What you need to do - Counting only lines that contain "Valkey", state the total found in the material below. Add nothing else.

(Entries shown Opens)

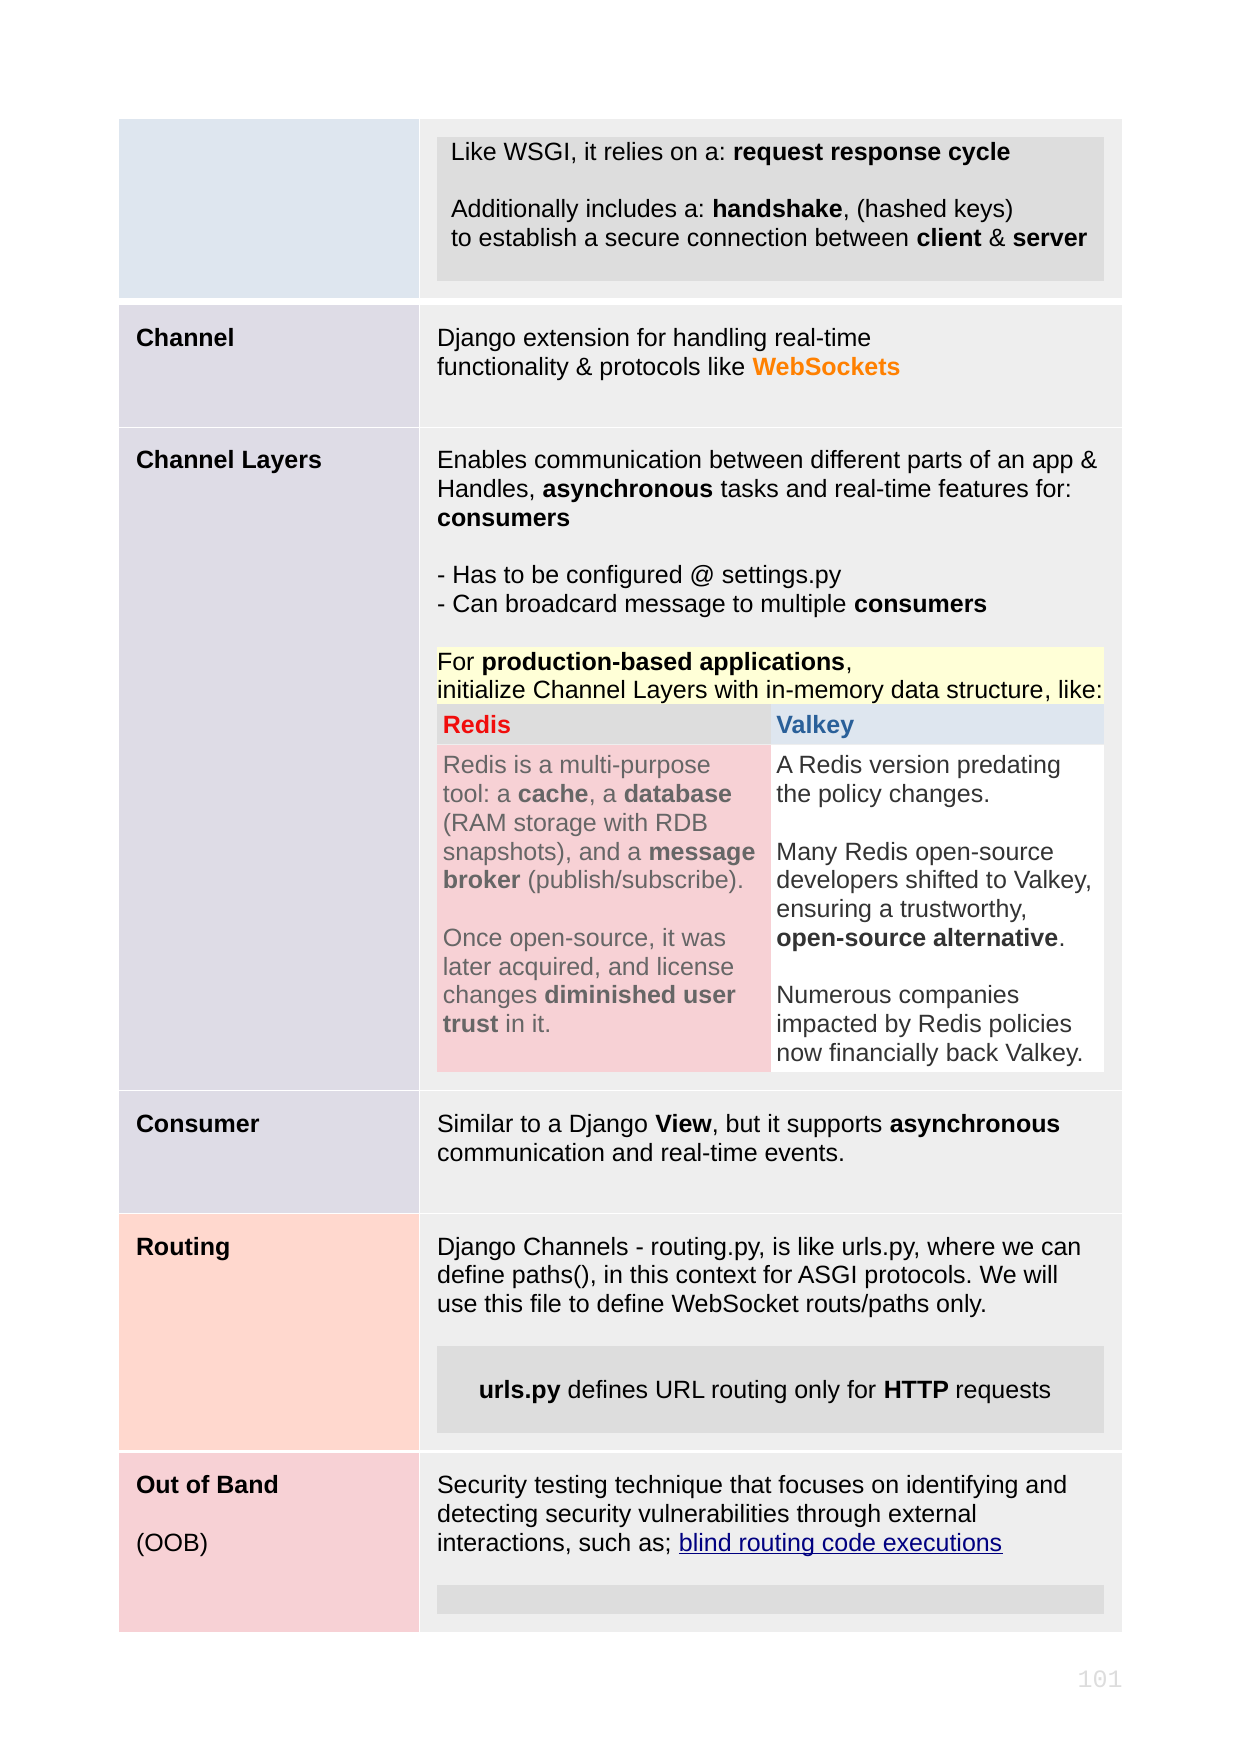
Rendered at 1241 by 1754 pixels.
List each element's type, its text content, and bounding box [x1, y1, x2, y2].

table_header Out of Band (OOB) [119, 1453, 419, 1632]
table_header Redis [437, 704, 771, 744]
table_cell Enables communication between different parts of an app & Handles, asynchronous tasks and real-time features for: consumers - Has to be configured @ settings.py - Can broadcard message to multiple consumers For production-based applications, initialize Channel Layers with in-memory data structure, like: [420, 428, 1122, 1090]
table_cell [119, 119, 419, 298]
table_cell Consumer [119, 1091, 419, 1213]
table_header Valkey [771, 704, 1104, 744]
table_header Security testing technique that focuses on identifying and detecting security vulnerabilities through external interactions, such as; blind routing code executions [420, 1453, 1122, 1632]
table_cell Django Channels - routing.py, is like urls.py, where we can define paths(), in this context for ASGI protocols. We will use this file to define WebSocket routs/paths only. urls.py defines URL routing only for HTTP requests [420, 1214, 1122, 1450]
table_header Channel [119, 305, 419, 427]
table_cell A Redis version predating the policy changes. Many Redis open-source developers shifted to Valkey, ensuring a trustworthy, open-source alternative. Numerous companies impacted by Redis policies now financially back Valkey. [771, 745, 1104, 1072]
table_header Django extension for handling real-time functionality & protocols like WebSockets [420, 305, 1122, 427]
table_cell Similar to a Django View, but it supports asynchronous communication and real-time events. [420, 1091, 1122, 1213]
table_cell Redis is a multi-purpose tool: a cache, a database (RAM storage with RDB snapshots), and a message broker (publish/subscribe). Once open-source, it was later acquired, and license changes diminished user trust in it. [437, 745, 771, 1072]
table_cell Routing [119, 1214, 419, 1450]
table_cell Channel Layers [119, 428, 419, 1090]
table_cell Like WSGI, it relies on a: request response cycle Additionally includes a: handshake, (hashed keys) to establish a secure connection between client & server [420, 119, 1122, 298]
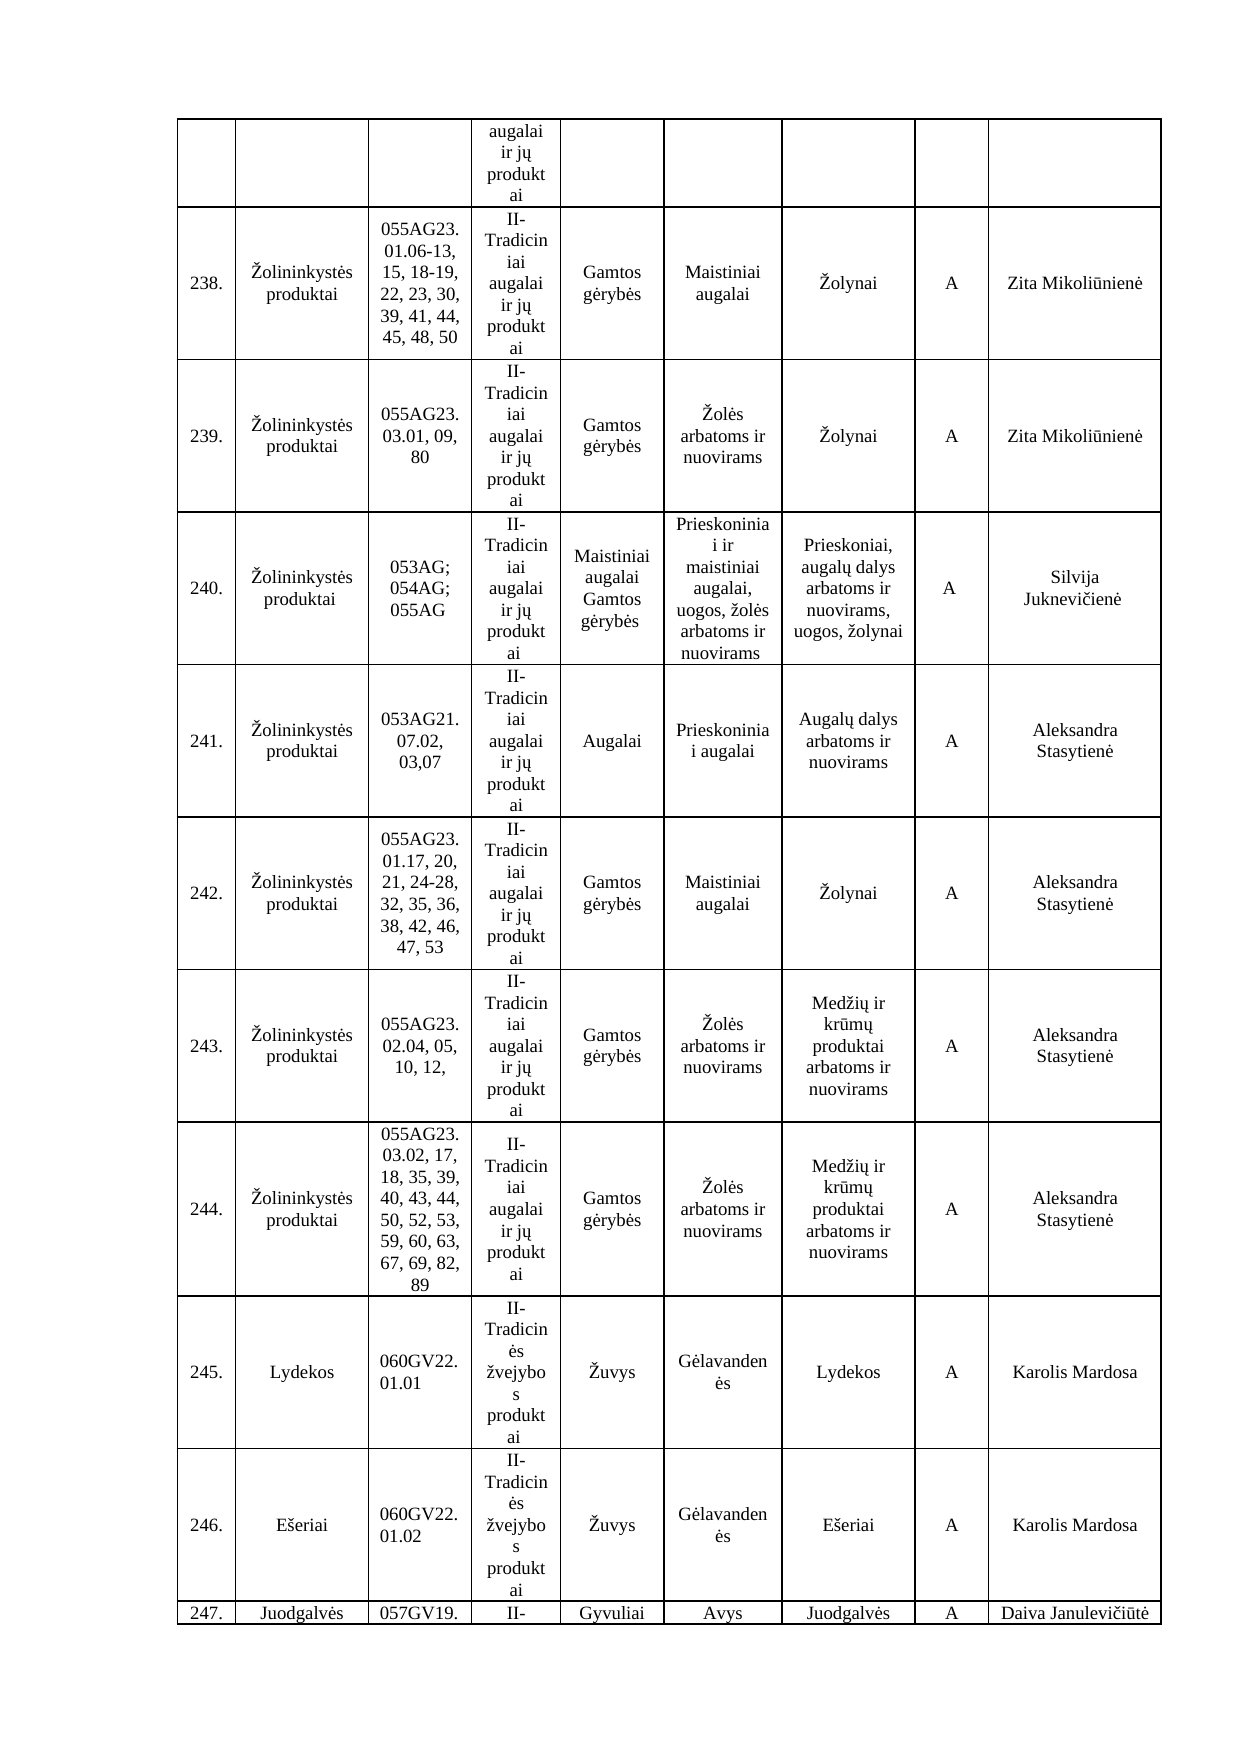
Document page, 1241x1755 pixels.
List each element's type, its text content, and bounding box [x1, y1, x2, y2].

table_cell Gamtos gėrybės [561, 970, 663, 1121]
table_cell Žolės arbatoms ir nuovirams [665, 1123, 781, 1295]
table_cell A [916, 1297, 988, 1447]
table_cell Prieskoniniai ir maistiniai augalai, uogos, žolės arbatoms ir nuovirams [665, 513, 781, 663]
table_cell 241. [178, 665, 235, 816]
table_cell 242. [178, 818, 235, 968]
table_cell Aleksandra Stasytienė [989, 665, 1160, 816]
table_cell Žolininkystės produktai [236, 665, 368, 816]
table_cell II- [472, 1602, 560, 1623]
table_cell Žolynai [783, 208, 914, 358]
table_cell Aleksandra Stasytienė [989, 1123, 1160, 1295]
table_cell Karolis Mardosa [989, 1449, 1160, 1600]
table_cell Aleksandra Stasytienė [989, 818, 1160, 968]
table_cell Silvija Juknevičienė [989, 513, 1160, 663]
table_cell [916, 120, 988, 206]
table_cell Medžių ir krūmų produktai arbatoms ir nuovirams [783, 1123, 914, 1295]
table_cell Daiva Janulevičiūtė [989, 1602, 1160, 1623]
table_cell II- Tradiciniai augalai ir jų produktai [472, 360, 560, 511]
table_cell A [916, 208, 988, 358]
table_cell 055AG23.03.01, 09, 80 [369, 360, 471, 511]
table_cell 245. [178, 1297, 235, 1447]
table_cell Gyvuliai [561, 1602, 663, 1623]
table_cell Augalai [561, 665, 663, 816]
table_cell 246. [178, 1449, 235, 1600]
table_cell Žolininkystės produktai [236, 970, 368, 1121]
table_cell Žolininkystės produktai [236, 360, 368, 511]
table_cell Žuvys [561, 1449, 663, 1600]
table_cell II- Tradiciniai augalai ir jų produktai [472, 208, 560, 358]
table_cell Žolininkystės produktai [236, 1123, 368, 1295]
table_cell Žolynai [783, 818, 914, 968]
table_cell A [916, 1602, 988, 1623]
table_cell [783, 120, 914, 206]
table_cell [236, 120, 368, 206]
table_cell Juodgalvės [236, 1602, 368, 1623]
table_cell Gėlavandenės [665, 1449, 781, 1600]
table_cell 060GV22.01.01 [369, 1297, 471, 1447]
table_cell 244. [178, 1123, 235, 1295]
table_cell 055AG23.03.02, 17, 18, 35, 39, 40, 43, 44, 50, 52, 53, 59, 60, 63, 67, 69, 82, 89 [369, 1123, 471, 1295]
table_cell 055AG23.01.17, 20, 21, 24-28, 32, 35, 36, 38, 42, 46, 47, 53 [369, 818, 471, 968]
table_cell Ešeriai [236, 1449, 368, 1600]
table_cell Ešeriai [783, 1449, 914, 1600]
table_cell Juodgalvės [783, 1602, 914, 1623]
table_cell 238. [178, 208, 235, 358]
table_cell augalai ir jų produktai [472, 120, 560, 206]
table_cell 239. [178, 360, 235, 511]
table_cell II- Tradiciniai augalai ir jų produktai [472, 665, 560, 816]
table_cell Avys [665, 1602, 781, 1623]
table_cell [369, 120, 471, 206]
table_cell 055AG23.01.06-13, 15, 18-19, 22, 23, 30, 39, 41, 44, 45, 48, 50 [369, 208, 471, 358]
table_cell A [916, 1449, 988, 1600]
table_cell 060GV22.01.02 [369, 1449, 471, 1600]
table_cell Lydekos [236, 1297, 368, 1447]
table_cell Medžių ir krūmų produktai arbatoms ir nuovirams [783, 970, 914, 1121]
table_cell Žolynai [783, 360, 914, 511]
table_cell A [916, 970, 988, 1121]
table_cell [178, 120, 235, 206]
table_cell A [916, 818, 988, 968]
table_cell 053AG; 054AG; 055AG [369, 513, 471, 663]
table_cell 243. [178, 970, 235, 1121]
table_cell Augalų dalys arbatoms ir nuovirams [783, 665, 914, 816]
table_cell Prieskoniniai augalai [665, 665, 781, 816]
table_cell 055AG23.02.04, 05, 10, 12, [369, 970, 471, 1121]
table_cell Žuvys [561, 1297, 663, 1447]
table_cell [561, 120, 663, 206]
table_cell Zita Mikoliūnienė [989, 360, 1160, 511]
table_cell Gamtos gėrybės [561, 360, 663, 511]
table_cell Žolininkystės produktai [236, 818, 368, 968]
table_cell II- Tradiciniai augalai ir jų produktai [472, 513, 560, 663]
table_cell Prieskoniai, augalų dalys arbatoms ir nuovirams, uogos, žolynai [783, 513, 914, 663]
table_cell Maistiniai augalai [665, 818, 781, 968]
table_cell A [916, 513, 988, 663]
table_cell Karolis Mardosa [989, 1297, 1160, 1447]
table_cell A [916, 360, 988, 511]
table_cell Gamtos gėrybės [561, 1123, 663, 1295]
table_cell Žolininkystės produktai [236, 208, 368, 358]
table_cell II- Tradicinės žvejybos produktai [472, 1297, 560, 1447]
table_cell Gėlavandenės [665, 1297, 781, 1447]
table_cell Aleksandra Stasytienė [989, 970, 1160, 1121]
table_cell II- Tradiciniai augalai ir jų produktai [472, 1123, 560, 1295]
table_cell [989, 120, 1160, 206]
table_cell II- Tradicinės žvejybos produktai [472, 1449, 560, 1600]
table_cell Žolės arbatoms ir nuovirams [665, 970, 781, 1121]
table_cell Zita Mikoliūnienė [989, 208, 1160, 358]
table_cell 247. [178, 1602, 235, 1623]
table_cell Gamtos gėrybės [561, 208, 663, 358]
table_cell 057GV19. [369, 1602, 471, 1623]
table_cell Maistiniai augalai Gamtos gėrybės [561, 513, 663, 663]
table_cell A [916, 665, 988, 816]
table_cell Žolės arbatoms ir nuovirams [665, 360, 781, 511]
table_cell Maistiniai augalai [665, 208, 781, 358]
table_cell II- Tradiciniai augalai ir jų produktai [472, 970, 560, 1121]
table_cell [665, 120, 781, 206]
table_cell A [916, 1123, 988, 1295]
table_cell Žolininkystės produktai [236, 513, 368, 663]
table_cell Gamtos gėrybės [561, 818, 663, 968]
table_cell 240. [178, 513, 235, 663]
table_cell II- Tradiciniai augalai ir jų produktai [472, 818, 560, 968]
table_cell Lydekos [783, 1297, 914, 1447]
table_cell 053AG21.07.02, 03,07 [369, 665, 471, 816]

(Entries shown Closes)

Reply to the task - 2